## Work required
The reply should be an exact repeat of the listing, with no pictures in it.

___ The input ___

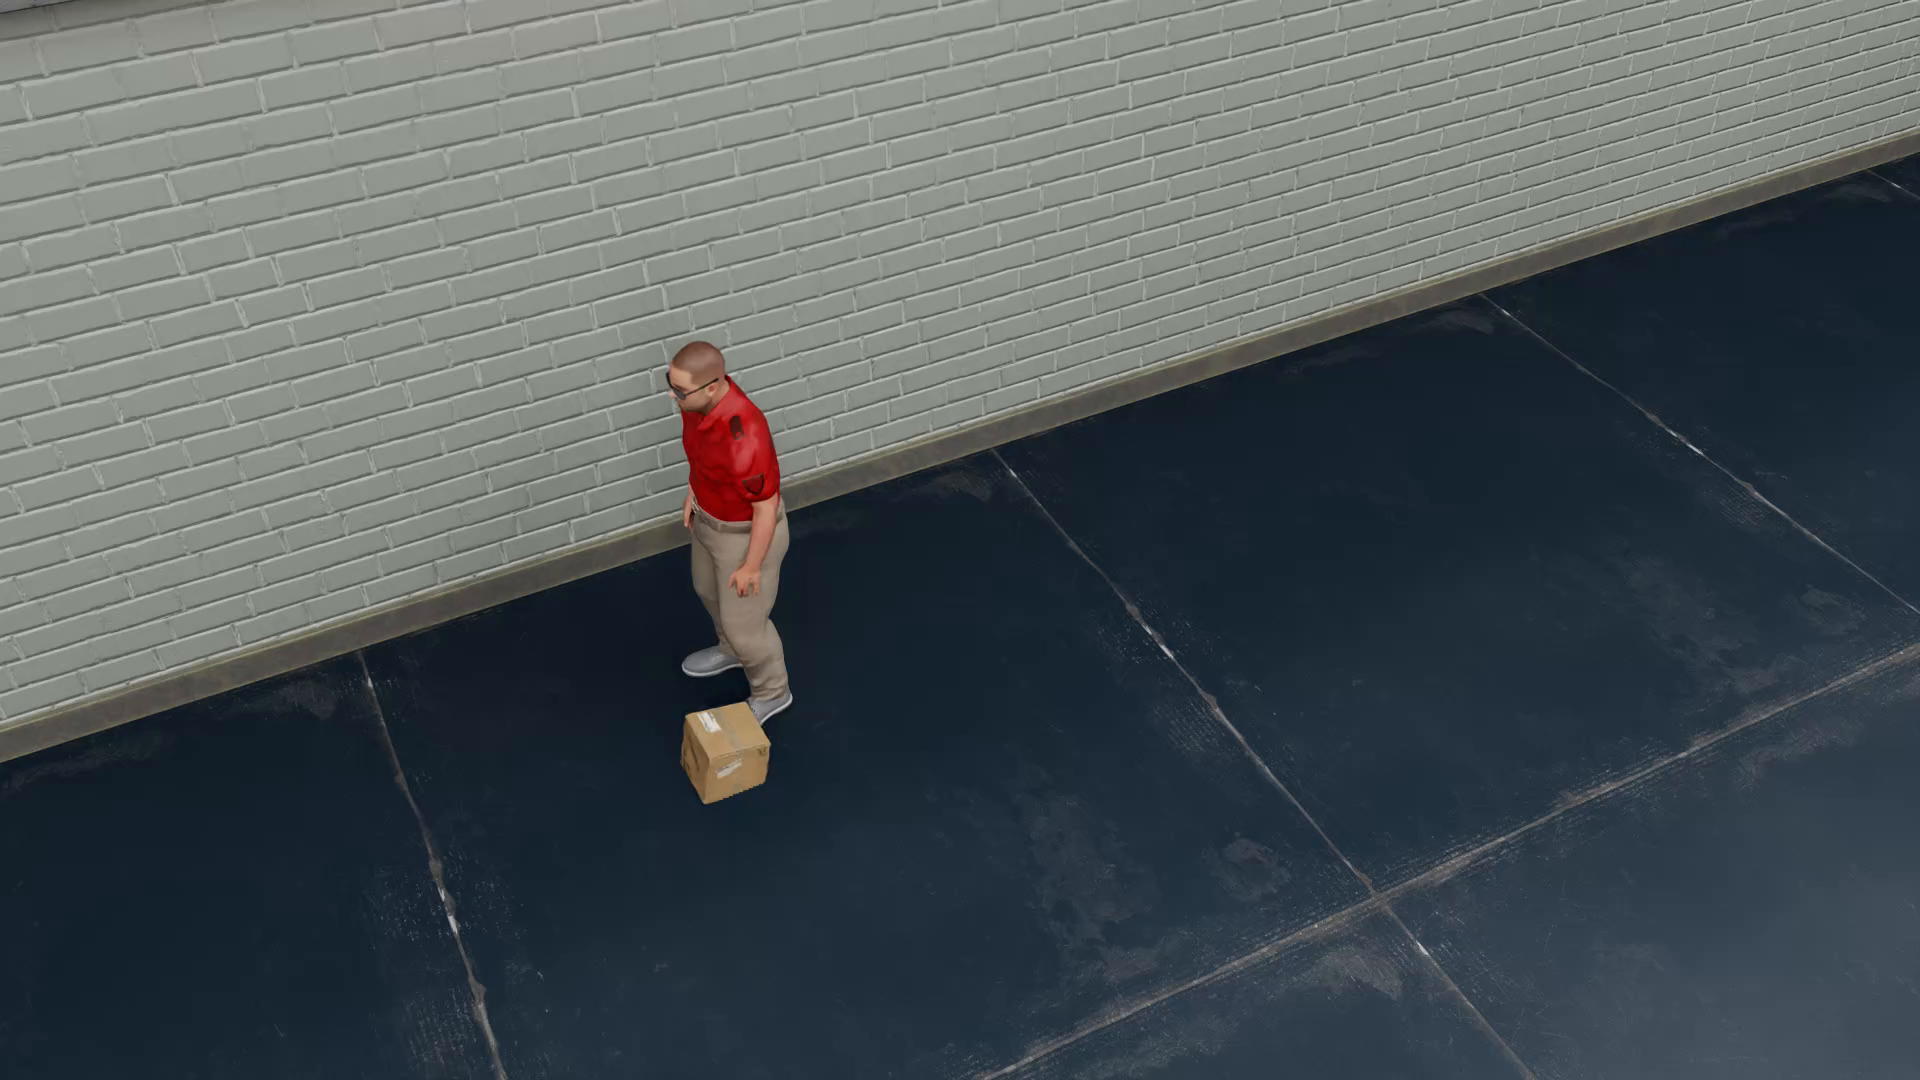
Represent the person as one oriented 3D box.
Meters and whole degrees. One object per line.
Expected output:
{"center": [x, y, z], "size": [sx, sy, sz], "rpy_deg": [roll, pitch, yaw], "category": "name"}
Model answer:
{"center": [-0.857, -0.032, 6.205], "size": [0.390, 1.727, 0.576], "rpy_deg": [-20, 45, -22], "category": "person"}
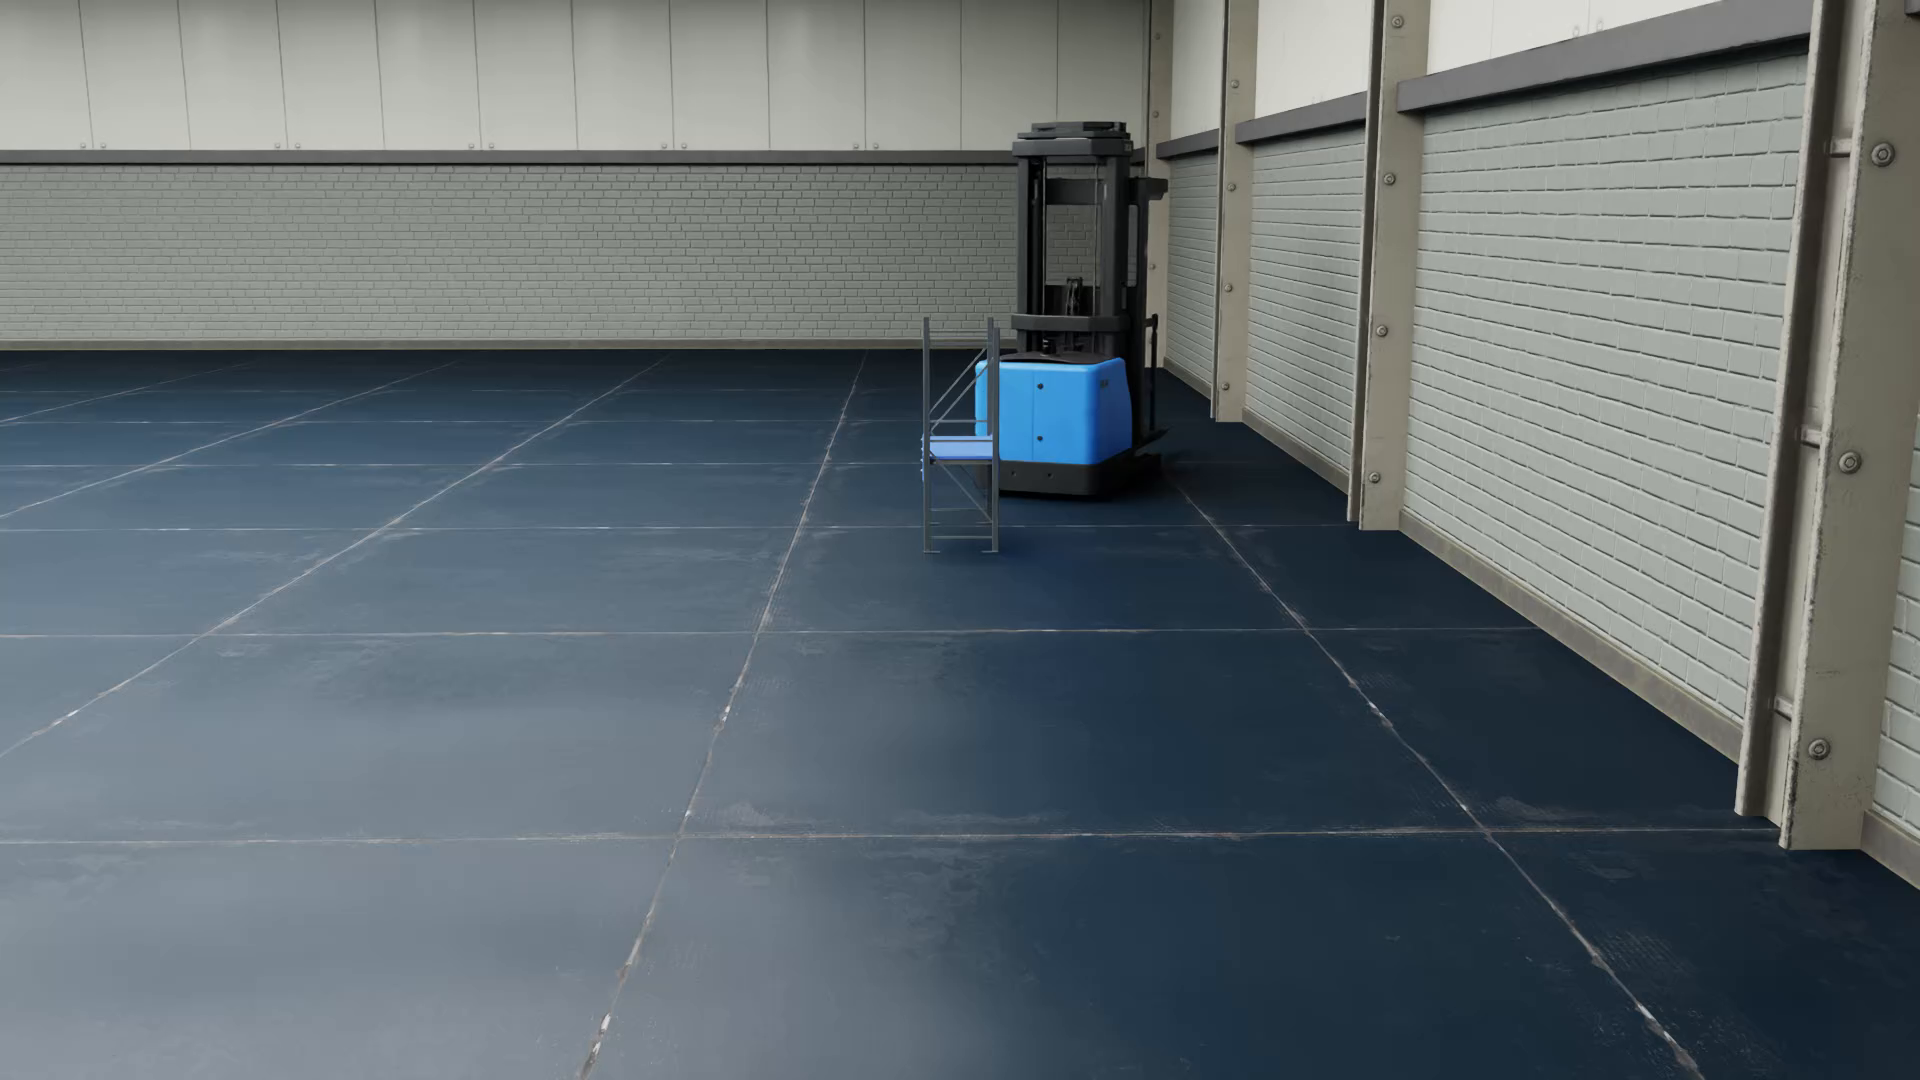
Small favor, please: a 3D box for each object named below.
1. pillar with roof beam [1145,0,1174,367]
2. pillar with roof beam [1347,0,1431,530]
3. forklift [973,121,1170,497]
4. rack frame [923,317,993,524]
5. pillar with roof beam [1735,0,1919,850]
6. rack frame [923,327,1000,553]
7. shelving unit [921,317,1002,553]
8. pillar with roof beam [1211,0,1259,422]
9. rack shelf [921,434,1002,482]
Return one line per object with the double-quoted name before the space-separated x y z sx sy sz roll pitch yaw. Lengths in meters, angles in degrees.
"pillar with roof beam" -1.533 -6.888 22.880 9.100 9.000 0.400 0 11 -1
"pillar with roof beam" -1.285 -4.503 11.122 9.100 9.000 0.400 0 11 -1
"forklift" 1.114 -2.023 14.161 1.130 2.935 3.031 4 12 21
"rack frame" -0.012 -0.853 11.992 0.500 1.500 0.032 0 11 -1
"pillar with roof beam" -1.161 -3.310 5.243 9.100 9.000 0.400 0 11 -1
"rack frame" 0.009 -0.651 10.995 0.500 1.500 0.032 0 11 -1
"shelving unit" -0.002 -0.752 11.494 0.538 1.500 1.048 0 11 -1
"pillar with roof beam" -1.409 -5.696 17.001 9.100 9.000 0.400 0 11 -1
"rack shelf" -0.002 -0.576 11.529 0.538 0.185 1.000 0 11 -1

___

## Output
Represent the person as one oriented 3D box.
Meters and whole degrees. One object per line.
Expected output:
{"center": [x, y, z], "size": [sx, sy, sz], "rpy_deg": [roll, pitch, yaw], "category": "name"}
Model answer:
{"center": [-0.857, -0.032, 6.205], "size": [0.390, 1.727, 0.576], "rpy_deg": [-20, 45, -22], "category": "person"}
Small favor, please: a 3D box for each object named below.
1. pillar with roof beam [1145,0,1174,367]
2. pillar with roof beam [1347,0,1431,530]
3. forklift [973,121,1170,497]
4. rack frame [923,317,993,524]
5. pillar with roof beam [1735,0,1919,850]
6. rack frame [923,327,1000,553]
7. shelving unit [921,317,1002,553]
8. pillar with roof beam [1211,0,1259,422]
9. rack shelf [921,434,1002,482]
Return one line per object with the double-quoted name before the space-separated x y z sx sy sz roll pitch yaw. Lengths in meters, angles in degrees.
"pillar with roof beam" -1.533 -6.888 22.880 9.100 9.000 0.400 0 11 -1
"pillar with roof beam" -1.285 -4.503 11.122 9.100 9.000 0.400 0 11 -1
"forklift" 1.114 -2.023 14.161 1.130 2.935 3.031 4 12 21
"rack frame" -0.012 -0.853 11.992 0.500 1.500 0.032 0 11 -1
"pillar with roof beam" -1.161 -3.310 5.243 9.100 9.000 0.400 0 11 -1
"rack frame" 0.009 -0.651 10.995 0.500 1.500 0.032 0 11 -1
"shelving unit" -0.002 -0.752 11.494 0.538 1.500 1.048 0 11 -1
"pillar with roof beam" -1.409 -5.696 17.001 9.100 9.000 0.400 0 11 -1
"rack shelf" -0.002 -0.576 11.529 0.538 0.185 1.000 0 11 -1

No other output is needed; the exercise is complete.